## Problem details
The word "flows": in how many lines of the records does it appear? Reply with the number alone.

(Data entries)
# # # # # # #
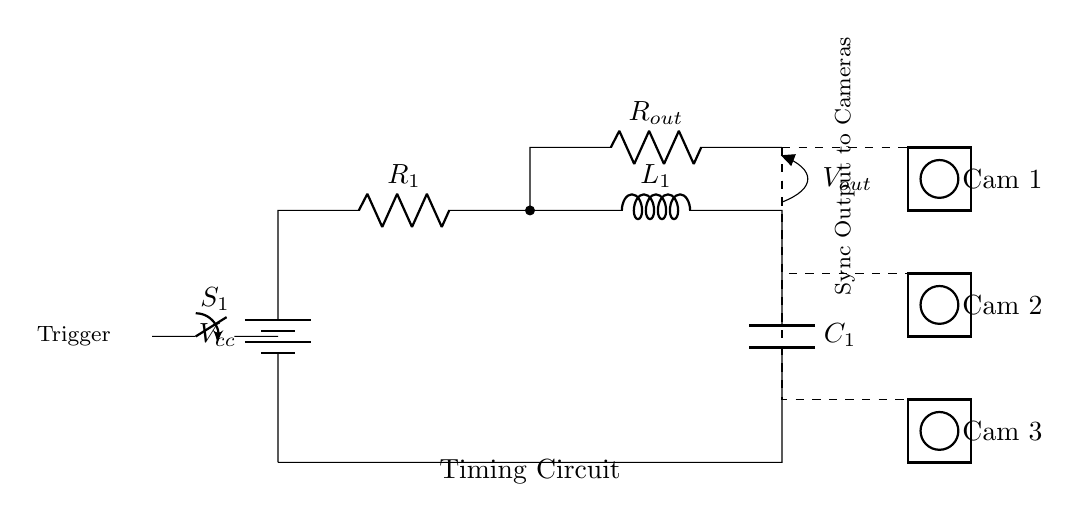What is the voltage from the battery? The voltage from the battery is labeled as Vcc in the circuit diagram, which indicates the power supply voltage.
Answer: Vcc What components are in the timing circuit? The timing circuit consists of a resistor, inductor, and capacitor, as well as a switch and an additional resistor for output.
Answer: Resistor, Inductor, Capacitor How many cameras are connected to the output? There are three cameras connected to the output of the timing circuit, as indicated by their corresponding symbols and connections in the diagram.
Answer: Three What is the function of the switch? The switch serves as a trigger to initiate the timing circuit, allowing the user to control when the synchronization begins for the cameras.
Answer: Trigger What happens when the switch is closed? When the switch is closed, current flows from the battery through the circuit, charging the capacitor and allowing for synchronization signals to be sent to the cameras.
Answer: Current flows to charge the capacitor What type of circuit is this? This is a resistor-inductor-capacitor circuit, commonly used for timing and synchronization applications due to its ability to control timing intervals.
Answer: Resistor-Inductor-Capacitor What is the purpose of the output resistor? The output resistor acts as a load for the timing circuit, helping to regulate the voltage and current sent to the connected cameras for proper operation.
Answer: Regulate voltage and current
# # # # # # #
## Your response
2